Records excerpted from a collection:

++++++

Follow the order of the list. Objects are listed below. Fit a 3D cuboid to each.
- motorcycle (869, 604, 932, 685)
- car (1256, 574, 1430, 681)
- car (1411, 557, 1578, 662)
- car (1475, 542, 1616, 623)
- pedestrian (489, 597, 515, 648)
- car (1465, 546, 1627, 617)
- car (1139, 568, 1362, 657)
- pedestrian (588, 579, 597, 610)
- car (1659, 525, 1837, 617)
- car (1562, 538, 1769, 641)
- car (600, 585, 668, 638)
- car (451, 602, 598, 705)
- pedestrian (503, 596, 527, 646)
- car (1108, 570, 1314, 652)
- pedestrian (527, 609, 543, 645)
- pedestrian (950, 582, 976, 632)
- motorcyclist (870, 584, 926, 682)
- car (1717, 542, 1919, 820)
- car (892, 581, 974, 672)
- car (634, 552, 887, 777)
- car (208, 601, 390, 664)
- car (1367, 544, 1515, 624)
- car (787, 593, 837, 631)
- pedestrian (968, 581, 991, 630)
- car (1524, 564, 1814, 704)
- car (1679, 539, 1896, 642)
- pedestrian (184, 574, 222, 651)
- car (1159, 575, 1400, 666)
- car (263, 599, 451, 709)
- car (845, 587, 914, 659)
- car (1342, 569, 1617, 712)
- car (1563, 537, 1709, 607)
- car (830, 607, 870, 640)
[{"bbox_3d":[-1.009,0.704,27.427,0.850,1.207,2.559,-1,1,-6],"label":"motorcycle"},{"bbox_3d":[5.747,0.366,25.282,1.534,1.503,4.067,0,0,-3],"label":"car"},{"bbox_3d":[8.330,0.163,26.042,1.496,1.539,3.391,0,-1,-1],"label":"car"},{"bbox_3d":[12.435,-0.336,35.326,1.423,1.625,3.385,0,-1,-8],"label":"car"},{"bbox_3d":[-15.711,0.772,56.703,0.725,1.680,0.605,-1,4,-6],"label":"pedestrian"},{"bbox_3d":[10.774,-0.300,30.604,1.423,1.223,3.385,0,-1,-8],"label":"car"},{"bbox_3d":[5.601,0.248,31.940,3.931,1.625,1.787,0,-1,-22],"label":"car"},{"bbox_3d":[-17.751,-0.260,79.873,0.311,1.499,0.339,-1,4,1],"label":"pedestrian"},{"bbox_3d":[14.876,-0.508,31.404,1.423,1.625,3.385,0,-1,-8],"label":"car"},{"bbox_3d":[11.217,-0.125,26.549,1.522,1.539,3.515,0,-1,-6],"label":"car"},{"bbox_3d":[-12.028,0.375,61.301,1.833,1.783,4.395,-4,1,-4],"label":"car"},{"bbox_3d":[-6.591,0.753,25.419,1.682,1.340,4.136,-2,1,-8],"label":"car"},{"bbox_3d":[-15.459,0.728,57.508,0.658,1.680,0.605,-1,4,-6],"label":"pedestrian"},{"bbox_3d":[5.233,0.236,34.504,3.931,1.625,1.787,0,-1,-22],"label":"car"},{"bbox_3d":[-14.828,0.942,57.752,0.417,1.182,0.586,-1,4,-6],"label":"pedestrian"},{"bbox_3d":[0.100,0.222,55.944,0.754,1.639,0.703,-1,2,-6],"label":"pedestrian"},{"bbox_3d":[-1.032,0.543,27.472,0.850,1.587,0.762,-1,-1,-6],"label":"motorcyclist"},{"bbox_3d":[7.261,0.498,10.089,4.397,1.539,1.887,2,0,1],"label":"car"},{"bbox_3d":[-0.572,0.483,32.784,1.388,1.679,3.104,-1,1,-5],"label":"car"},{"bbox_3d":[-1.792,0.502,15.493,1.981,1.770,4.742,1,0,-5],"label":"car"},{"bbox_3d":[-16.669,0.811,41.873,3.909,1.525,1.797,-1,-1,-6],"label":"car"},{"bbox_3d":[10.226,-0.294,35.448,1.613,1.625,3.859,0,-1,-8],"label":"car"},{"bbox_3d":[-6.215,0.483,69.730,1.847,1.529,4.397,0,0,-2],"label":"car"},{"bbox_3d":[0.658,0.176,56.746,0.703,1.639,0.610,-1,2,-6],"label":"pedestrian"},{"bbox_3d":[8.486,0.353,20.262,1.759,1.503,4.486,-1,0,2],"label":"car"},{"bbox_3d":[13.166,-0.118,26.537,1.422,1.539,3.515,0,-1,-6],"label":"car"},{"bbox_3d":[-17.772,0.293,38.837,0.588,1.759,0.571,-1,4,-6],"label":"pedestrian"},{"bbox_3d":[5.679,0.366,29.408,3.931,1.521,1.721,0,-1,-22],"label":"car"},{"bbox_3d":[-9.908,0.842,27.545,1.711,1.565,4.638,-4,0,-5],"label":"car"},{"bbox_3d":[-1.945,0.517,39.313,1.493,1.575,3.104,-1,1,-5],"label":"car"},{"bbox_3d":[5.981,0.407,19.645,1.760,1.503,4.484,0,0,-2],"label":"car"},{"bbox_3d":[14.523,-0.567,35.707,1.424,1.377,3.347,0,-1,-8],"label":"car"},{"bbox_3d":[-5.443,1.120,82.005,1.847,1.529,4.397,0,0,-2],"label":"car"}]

++++++

Word for word, restate the data above from its first line down to and including the line with "- car (1563, 537, 1709, 607)".

Follow the order of the list. Objects are listed below. Fit a 3D cuboid to each.
- motorcycle (869, 604, 932, 685)
- car (1256, 574, 1430, 681)
- car (1411, 557, 1578, 662)
- car (1475, 542, 1616, 623)
- pedestrian (489, 597, 515, 648)
- car (1465, 546, 1627, 617)
- car (1139, 568, 1362, 657)
- pedestrian (588, 579, 597, 610)
- car (1659, 525, 1837, 617)
- car (1562, 538, 1769, 641)
- car (600, 585, 668, 638)
- car (451, 602, 598, 705)
- pedestrian (503, 596, 527, 646)
- car (1108, 570, 1314, 652)
- pedestrian (527, 609, 543, 645)
- pedestrian (950, 582, 976, 632)
- motorcyclist (870, 584, 926, 682)
- car (1717, 542, 1919, 820)
- car (892, 581, 974, 672)
- car (634, 552, 887, 777)
- car (208, 601, 390, 664)
- car (1367, 544, 1515, 624)
- car (787, 593, 837, 631)
- pedestrian (968, 581, 991, 630)
- car (1524, 564, 1814, 704)
- car (1679, 539, 1896, 642)
- pedestrian (184, 574, 222, 651)
- car (1159, 575, 1400, 666)
- car (263, 599, 451, 709)
- car (845, 587, 914, 659)
- car (1342, 569, 1617, 712)
- car (1563, 537, 1709, 607)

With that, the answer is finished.